Records for the exercise:

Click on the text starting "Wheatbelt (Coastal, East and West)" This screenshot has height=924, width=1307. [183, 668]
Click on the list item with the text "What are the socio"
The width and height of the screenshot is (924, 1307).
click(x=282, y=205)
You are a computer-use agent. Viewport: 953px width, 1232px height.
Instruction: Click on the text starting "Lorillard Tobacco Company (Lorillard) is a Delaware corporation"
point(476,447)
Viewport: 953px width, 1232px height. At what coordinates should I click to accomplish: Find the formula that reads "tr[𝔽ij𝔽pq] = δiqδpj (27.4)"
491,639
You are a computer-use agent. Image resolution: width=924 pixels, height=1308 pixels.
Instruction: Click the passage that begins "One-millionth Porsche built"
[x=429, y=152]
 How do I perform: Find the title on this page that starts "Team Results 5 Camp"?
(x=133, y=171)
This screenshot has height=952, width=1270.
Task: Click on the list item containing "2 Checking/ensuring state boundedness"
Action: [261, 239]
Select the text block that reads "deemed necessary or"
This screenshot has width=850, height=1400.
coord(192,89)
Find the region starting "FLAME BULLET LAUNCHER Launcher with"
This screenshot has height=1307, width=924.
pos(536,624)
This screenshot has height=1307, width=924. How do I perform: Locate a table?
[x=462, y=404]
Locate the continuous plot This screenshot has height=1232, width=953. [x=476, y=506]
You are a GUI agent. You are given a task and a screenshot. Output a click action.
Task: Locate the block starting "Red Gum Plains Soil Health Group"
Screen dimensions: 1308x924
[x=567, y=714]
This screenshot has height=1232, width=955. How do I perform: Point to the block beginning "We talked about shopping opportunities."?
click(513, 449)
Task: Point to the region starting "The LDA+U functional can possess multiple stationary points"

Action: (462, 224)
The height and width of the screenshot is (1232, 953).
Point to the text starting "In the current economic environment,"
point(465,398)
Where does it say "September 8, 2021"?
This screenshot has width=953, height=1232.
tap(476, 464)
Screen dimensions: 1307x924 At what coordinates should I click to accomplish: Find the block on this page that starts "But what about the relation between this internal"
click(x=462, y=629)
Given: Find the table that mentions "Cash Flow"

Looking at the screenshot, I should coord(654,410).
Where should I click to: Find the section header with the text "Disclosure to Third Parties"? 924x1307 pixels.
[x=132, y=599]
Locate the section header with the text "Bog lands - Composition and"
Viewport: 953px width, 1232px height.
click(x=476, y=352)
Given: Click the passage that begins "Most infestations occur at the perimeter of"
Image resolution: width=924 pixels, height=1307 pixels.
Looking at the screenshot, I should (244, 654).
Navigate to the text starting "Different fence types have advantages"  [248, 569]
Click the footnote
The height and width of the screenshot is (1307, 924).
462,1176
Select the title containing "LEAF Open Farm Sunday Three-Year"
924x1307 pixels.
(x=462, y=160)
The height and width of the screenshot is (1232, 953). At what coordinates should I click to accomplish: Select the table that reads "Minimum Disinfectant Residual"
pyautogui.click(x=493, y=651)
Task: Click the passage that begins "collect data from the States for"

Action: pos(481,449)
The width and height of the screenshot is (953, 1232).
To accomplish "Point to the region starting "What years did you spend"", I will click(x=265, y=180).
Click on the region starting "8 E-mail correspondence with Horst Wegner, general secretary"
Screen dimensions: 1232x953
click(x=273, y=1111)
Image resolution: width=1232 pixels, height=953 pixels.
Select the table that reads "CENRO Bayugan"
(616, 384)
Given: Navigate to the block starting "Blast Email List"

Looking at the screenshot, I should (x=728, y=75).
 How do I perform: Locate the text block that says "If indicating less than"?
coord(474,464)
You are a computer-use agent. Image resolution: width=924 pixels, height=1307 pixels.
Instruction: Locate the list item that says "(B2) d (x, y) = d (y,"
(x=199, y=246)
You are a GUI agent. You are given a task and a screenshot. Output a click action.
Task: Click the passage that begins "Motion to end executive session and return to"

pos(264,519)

What needs to be done:
Looking at the records above, count the lines where the word "computer" appears. State only the number.

Answer box:
3